At the end of the article here: http://www.learncpp.com/cpp-tutorial/45-enumerated-types/, it mentions the following:
Finally, as with constant variables, enumerated types show up in the debugger, making them more useful than #defined values in this regard.
How is the bold sentence above achieved?
Thanks.
Consider this code,
#define WIDTH 300
enum econst
{
eWidth=300
};
const int Width=300;
struct sample{};
int main()
{
sample s;
int x = eWidth * s; //error 1
int y = WIDTH * s; //error 2
int z = Width * s; //error 3
return 0;
}
Obviously each multiplication results in compilation-error, but see how the GCC generates the messages for each multiplication error:
prog.cpp:19: error: no match for ‘operator*’ in ‘eWidth * s’
prog.cpp:20: error: no match for ‘operator*’ in ‘300 * s’
prog.cpp:21: error: no match for ‘operator*’ in ‘Width * s’
In the error message, you don't see the macro WIDTH
which you've #defined
, right?
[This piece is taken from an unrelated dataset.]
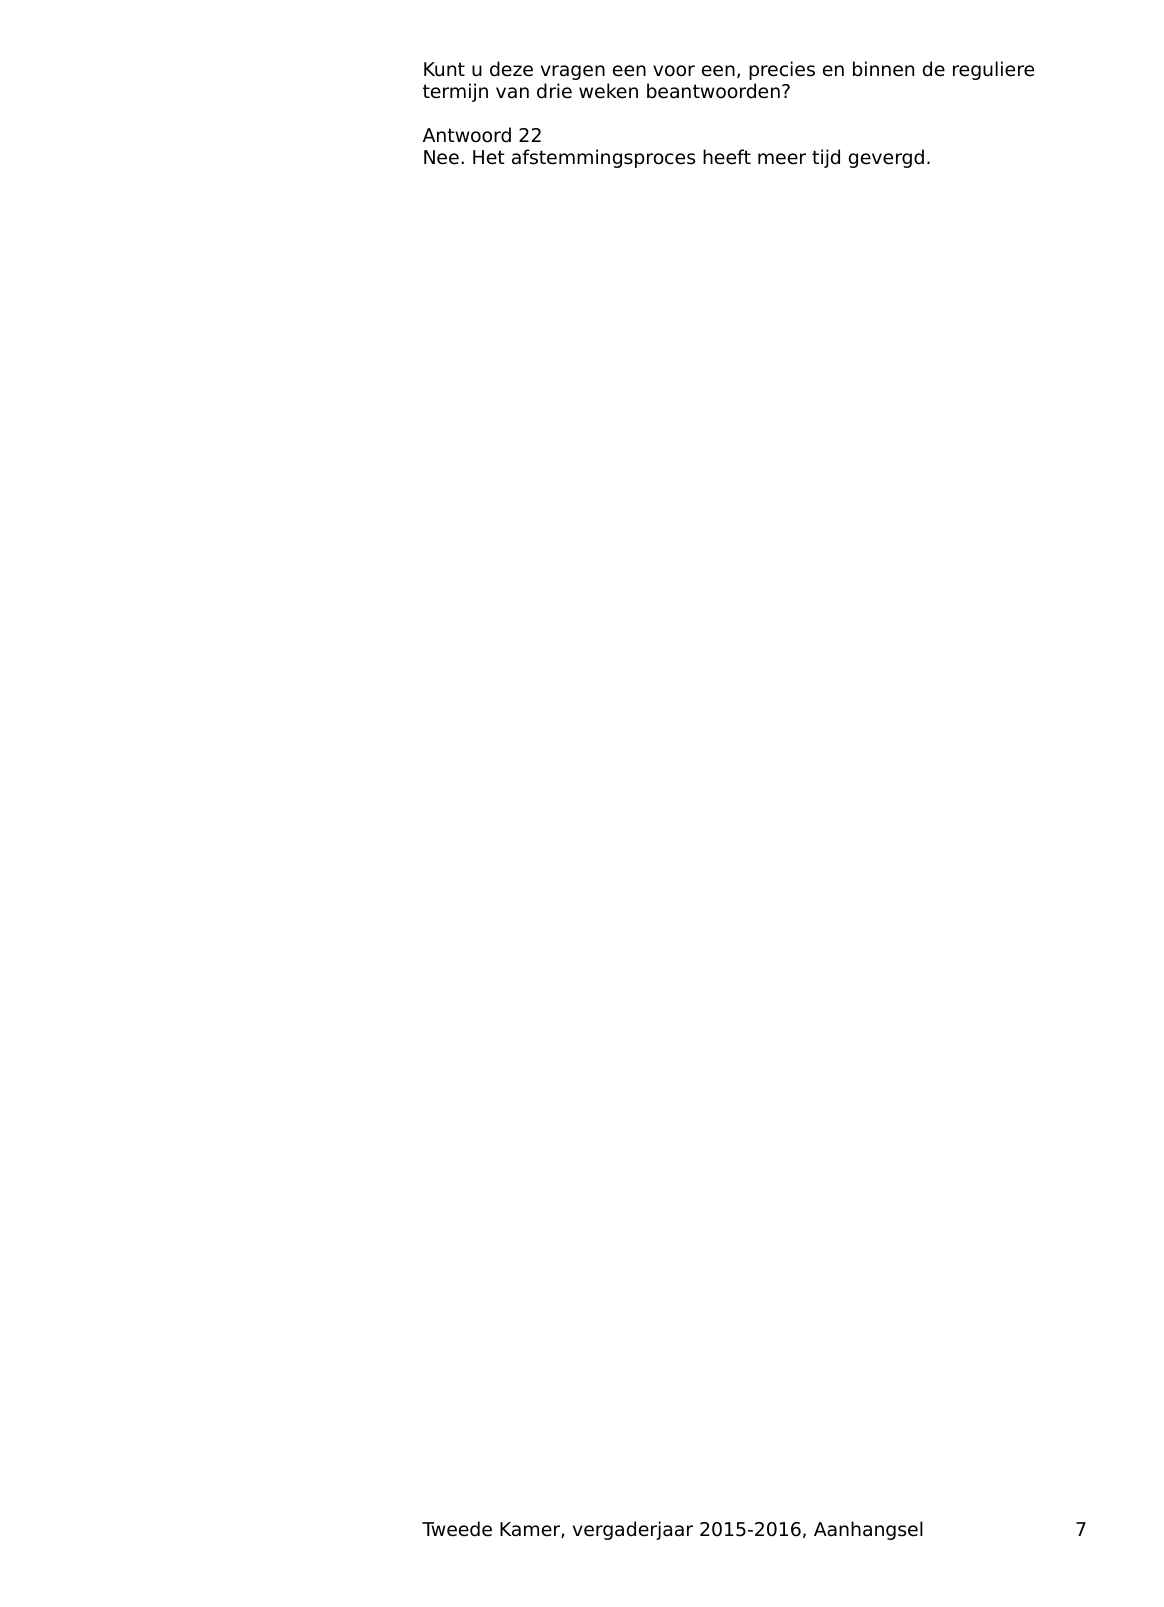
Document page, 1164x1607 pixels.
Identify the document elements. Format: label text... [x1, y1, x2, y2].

That is because by the time GCC makes any attempt to compile the line corresponds to second error, it doesn't see WIDTH
, all it sees only 300, as before GCC compiles the line, preprocessor has already replaced WIDTH
with 300. On the other hand, there is no any such thing happens with enum eWidth
and const Width
.
See the error yourself here : http://www.ideone.com/naZ3P
Also, read Item 2 : Prefer consts, enums, and inlines to #defines
from Effective C++ by Scott Meyers.